Butte’s history as a mining town has left it with a unique landscape, covered with funky old buildings and rickety-looking mining headframes. But you don’t have to look far to discover that the mining industry has also taken its toll on the land, and left the city with a tremendous environmental disaster, known as the Berkeley Pit.
The Berkeley Pit viewing stand is located on Continental Drive. Continental Drive is (more or less) the outer boundary of development on the east side of town. From Uptown Butte, take Park Street east–it will turn into Continental Drive–then watch for the viewing stand’s parking area as you drive around the outside of the pit.
As far as I know, the Berkeley Pit is the only place in the country where you can pay good money to see toxic waste. Visitors gladly fork over $2 because, after all, this is not your average environmental disaster. No sirree, this is the mother of them all, the country’s largest superfund site. There’s 37 billion gallons of of highly acidic, toxic water, laden with heavy metals and chemicals like arsenic and sulfuric acid. And you wanted to see it for free? C’mon!
So, plunk down your $2 and walk through the long tunnel, which takes you through the outer wall of the pit.
Once you’re in the pit, you can’t go very far. There’s a viewing stand that allows you to see the whole thing, but you aren’t allowed to go any closer (nor would you want to).
The pit fills your field of view, stretching from one corner of your eye to the other. It’s remarkably large, and amazingly deadly-looking. The water has many different colors, depending on the light. Most of the time, it’s somewhere between red and brown, although I have seen some pictures where it appears blue (not a natural blue, but a disturbing shade that occurs no where in nature).
Decades ago, the mining industry in Butte was entirely underground. As companies hauled out ore from one tunnel after another, the entire hill above Butte became so hollow, that someone figured out it would make more sense to just remove all the rock, forming an enormous pit.

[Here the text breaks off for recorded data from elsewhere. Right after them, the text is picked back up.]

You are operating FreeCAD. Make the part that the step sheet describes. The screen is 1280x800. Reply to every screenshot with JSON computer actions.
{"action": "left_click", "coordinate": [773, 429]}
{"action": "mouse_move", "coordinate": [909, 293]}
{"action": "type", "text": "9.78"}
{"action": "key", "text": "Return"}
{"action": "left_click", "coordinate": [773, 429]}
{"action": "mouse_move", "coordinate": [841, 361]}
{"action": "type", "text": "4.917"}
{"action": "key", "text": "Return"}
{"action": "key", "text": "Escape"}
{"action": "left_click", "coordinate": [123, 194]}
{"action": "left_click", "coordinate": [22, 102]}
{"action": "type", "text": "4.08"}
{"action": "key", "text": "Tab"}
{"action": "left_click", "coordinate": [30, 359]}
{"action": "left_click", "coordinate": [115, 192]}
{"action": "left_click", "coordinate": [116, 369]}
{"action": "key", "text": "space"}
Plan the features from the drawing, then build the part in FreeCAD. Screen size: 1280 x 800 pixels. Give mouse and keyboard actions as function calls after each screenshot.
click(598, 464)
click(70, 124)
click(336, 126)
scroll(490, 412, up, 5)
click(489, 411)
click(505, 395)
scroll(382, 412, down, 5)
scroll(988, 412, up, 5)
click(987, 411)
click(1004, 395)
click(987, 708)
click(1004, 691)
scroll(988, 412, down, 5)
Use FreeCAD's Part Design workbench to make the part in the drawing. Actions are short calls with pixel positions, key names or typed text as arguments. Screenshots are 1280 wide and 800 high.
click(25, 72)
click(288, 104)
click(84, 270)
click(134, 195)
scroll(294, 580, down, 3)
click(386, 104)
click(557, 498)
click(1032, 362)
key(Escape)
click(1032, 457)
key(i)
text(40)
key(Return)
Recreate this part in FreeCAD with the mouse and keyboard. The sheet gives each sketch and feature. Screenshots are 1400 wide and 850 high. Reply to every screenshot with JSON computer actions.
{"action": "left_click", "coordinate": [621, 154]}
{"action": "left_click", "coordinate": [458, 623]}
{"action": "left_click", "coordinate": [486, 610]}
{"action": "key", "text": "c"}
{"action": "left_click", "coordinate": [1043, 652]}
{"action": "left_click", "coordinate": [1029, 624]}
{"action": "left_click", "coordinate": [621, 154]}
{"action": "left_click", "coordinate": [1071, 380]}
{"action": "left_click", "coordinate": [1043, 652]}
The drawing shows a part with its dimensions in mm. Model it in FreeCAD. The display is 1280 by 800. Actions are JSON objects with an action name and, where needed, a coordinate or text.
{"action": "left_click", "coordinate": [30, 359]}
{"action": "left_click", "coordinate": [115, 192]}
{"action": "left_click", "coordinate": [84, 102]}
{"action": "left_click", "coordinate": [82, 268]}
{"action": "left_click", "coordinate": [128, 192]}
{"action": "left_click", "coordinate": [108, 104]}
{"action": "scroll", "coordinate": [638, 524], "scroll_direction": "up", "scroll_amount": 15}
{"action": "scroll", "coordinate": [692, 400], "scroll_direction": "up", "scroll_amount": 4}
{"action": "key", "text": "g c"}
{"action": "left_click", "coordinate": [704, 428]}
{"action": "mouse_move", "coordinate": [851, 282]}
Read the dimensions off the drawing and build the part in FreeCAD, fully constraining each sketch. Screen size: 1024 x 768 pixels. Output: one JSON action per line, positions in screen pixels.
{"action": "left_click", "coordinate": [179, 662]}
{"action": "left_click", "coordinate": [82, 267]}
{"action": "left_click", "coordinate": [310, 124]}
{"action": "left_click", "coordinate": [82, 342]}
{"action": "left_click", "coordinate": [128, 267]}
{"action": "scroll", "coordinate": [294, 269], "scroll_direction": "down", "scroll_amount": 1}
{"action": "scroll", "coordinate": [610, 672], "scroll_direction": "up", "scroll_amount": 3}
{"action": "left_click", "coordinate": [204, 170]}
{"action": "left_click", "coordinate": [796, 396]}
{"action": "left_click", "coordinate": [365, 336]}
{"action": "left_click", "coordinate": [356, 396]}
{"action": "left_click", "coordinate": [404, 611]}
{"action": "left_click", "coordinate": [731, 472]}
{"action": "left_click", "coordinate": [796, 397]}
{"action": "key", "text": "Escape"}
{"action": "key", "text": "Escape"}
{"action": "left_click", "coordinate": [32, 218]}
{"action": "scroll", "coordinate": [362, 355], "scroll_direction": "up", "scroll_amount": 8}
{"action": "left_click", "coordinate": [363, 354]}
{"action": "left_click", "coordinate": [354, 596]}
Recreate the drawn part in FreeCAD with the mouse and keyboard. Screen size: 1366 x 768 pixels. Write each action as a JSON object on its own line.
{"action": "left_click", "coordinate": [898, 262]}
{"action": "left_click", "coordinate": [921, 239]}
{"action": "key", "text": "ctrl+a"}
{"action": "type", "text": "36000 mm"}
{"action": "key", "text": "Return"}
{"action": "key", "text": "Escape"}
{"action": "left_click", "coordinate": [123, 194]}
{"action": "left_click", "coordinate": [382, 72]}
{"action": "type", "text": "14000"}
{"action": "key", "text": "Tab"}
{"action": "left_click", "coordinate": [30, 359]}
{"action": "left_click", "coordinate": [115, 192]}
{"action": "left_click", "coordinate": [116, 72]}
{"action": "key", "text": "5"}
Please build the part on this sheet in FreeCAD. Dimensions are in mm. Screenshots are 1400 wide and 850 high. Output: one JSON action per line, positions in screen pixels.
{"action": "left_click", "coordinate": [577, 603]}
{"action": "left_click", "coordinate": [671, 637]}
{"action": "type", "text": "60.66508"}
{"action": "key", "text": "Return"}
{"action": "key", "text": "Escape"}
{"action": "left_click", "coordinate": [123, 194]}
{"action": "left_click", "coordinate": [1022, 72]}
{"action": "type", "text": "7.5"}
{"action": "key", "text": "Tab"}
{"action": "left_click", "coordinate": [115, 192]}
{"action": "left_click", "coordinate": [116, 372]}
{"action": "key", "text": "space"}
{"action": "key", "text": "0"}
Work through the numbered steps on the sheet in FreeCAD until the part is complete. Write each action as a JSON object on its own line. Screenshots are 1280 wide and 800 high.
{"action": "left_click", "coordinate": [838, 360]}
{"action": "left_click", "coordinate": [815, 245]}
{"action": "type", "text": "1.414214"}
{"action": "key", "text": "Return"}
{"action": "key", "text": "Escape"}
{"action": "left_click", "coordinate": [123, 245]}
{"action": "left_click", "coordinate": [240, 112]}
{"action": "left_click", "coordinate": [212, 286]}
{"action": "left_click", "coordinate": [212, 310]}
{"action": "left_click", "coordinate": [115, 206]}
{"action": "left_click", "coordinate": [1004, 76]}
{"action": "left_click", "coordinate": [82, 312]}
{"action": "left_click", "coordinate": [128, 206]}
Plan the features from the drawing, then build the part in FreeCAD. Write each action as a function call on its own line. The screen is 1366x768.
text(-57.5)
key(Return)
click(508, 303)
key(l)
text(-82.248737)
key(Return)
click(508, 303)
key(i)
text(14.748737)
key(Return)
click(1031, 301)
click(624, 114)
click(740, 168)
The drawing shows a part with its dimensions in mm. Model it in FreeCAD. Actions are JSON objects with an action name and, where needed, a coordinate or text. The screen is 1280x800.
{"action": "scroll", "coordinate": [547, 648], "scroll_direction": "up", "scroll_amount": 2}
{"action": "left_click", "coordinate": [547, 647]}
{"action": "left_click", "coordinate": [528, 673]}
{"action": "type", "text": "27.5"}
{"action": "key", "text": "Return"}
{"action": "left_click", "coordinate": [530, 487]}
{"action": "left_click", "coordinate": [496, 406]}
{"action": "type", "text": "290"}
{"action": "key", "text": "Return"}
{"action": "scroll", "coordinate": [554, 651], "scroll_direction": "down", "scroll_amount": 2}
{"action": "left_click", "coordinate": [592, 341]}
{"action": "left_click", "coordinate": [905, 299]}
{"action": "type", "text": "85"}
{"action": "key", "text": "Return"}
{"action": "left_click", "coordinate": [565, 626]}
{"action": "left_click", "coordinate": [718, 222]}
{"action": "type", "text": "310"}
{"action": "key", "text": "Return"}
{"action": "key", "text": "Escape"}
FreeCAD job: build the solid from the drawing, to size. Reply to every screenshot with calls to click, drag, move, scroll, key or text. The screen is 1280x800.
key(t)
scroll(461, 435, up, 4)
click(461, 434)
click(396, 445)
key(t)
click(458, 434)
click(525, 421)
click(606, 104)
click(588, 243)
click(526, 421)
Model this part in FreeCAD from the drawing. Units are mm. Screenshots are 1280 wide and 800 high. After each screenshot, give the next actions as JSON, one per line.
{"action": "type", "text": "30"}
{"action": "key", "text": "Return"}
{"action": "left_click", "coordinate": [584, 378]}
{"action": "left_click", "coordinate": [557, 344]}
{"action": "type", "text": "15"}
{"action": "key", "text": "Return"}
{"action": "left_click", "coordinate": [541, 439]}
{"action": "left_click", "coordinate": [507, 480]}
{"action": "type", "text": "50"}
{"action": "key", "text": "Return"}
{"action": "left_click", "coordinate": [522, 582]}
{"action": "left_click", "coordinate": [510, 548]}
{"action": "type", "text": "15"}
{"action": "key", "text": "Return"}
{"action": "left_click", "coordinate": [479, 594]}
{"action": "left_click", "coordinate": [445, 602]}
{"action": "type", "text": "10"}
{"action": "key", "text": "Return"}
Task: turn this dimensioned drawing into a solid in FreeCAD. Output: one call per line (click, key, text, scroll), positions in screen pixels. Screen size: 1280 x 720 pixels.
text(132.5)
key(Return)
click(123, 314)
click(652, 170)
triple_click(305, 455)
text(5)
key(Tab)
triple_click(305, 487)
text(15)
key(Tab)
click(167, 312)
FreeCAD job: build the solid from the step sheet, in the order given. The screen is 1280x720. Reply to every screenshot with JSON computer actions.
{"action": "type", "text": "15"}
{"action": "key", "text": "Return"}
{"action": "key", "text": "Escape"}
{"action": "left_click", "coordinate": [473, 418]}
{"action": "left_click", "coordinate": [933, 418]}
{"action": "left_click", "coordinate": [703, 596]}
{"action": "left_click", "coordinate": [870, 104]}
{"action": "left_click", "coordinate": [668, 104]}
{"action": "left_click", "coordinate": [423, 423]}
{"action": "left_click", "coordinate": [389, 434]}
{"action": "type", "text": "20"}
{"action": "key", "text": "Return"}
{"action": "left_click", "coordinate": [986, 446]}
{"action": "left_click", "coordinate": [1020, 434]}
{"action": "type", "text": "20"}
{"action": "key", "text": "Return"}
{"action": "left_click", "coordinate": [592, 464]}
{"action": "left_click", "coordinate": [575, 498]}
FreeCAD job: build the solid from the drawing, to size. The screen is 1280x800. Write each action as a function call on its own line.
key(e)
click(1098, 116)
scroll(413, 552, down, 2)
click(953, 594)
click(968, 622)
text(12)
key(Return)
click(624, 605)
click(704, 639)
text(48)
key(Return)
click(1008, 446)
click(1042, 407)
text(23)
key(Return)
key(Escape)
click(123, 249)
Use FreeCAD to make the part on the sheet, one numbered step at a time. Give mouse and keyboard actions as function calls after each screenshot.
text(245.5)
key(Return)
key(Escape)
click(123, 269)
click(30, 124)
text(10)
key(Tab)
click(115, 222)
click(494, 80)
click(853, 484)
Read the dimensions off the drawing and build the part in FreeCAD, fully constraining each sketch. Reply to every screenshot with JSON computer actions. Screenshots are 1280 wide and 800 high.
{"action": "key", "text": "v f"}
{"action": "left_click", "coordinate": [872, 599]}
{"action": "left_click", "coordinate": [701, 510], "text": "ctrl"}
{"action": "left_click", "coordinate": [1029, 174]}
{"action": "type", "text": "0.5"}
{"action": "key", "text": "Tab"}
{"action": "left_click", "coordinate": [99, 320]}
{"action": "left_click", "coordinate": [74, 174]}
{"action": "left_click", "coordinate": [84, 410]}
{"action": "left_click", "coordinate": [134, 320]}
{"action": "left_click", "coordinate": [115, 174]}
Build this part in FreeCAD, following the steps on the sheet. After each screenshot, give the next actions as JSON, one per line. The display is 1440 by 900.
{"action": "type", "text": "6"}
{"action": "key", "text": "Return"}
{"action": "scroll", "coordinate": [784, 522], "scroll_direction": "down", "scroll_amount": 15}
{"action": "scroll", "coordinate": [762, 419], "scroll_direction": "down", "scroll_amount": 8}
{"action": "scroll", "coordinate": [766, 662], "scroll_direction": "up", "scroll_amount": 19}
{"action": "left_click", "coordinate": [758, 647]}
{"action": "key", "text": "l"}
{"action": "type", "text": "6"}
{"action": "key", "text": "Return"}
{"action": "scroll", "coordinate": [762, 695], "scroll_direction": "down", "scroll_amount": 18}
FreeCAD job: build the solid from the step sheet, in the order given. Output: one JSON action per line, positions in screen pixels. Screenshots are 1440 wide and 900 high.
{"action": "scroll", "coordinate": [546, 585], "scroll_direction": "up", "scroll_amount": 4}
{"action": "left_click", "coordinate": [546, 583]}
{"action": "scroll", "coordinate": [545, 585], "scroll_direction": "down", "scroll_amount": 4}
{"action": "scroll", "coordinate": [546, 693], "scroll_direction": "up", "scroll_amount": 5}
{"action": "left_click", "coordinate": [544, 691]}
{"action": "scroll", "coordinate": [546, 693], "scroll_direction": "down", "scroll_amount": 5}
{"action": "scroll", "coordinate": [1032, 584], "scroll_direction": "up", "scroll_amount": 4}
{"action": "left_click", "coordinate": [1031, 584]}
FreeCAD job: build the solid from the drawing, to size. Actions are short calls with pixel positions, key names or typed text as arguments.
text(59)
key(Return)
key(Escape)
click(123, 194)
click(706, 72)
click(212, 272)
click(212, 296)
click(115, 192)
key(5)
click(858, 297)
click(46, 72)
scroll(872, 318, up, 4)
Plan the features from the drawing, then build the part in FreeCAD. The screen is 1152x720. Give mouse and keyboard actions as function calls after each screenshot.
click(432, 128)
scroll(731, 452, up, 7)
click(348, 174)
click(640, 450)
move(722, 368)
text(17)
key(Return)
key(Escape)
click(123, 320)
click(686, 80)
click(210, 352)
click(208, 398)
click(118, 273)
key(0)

Everything was great from the 1950’s until around 1982, when the mine closed, and the pumps that had previously removed all the seeping groundwater from the hole were turned off. The groundwater began filling the pit, and even today, the water level is still rising.
As of 2006, the water level in the pit is 5,259 feet above sea level. The government has set a critical level–5,410 feet. The water must not go above that level, and if the current flow continues, it shouldn’t reach the critical level until around 2020.
So what happens in 2020? A treatment center is now operating at the edge of the pit. For now, it treats water from other mining operations that would have otherwise drained into the pit. Around 2018, if all goes well, it should be able to begin pulling water from the pit, treating it, then discharging it elsewhere.
Our Lady of the Rockies Statue
Overlooking all of Butte is Our Lady of the Rockies, a 90-foot statue atop the Continental Divide, on the east side of town (almost directly above the I-90/I-15 interchange). The statue was placed there in 1985, and was lifted up the mountain in four sections by a Sikorsky Sky Crane helicopter. A tremendous volunteer effort made it all happen–a true testament to the people of Butte.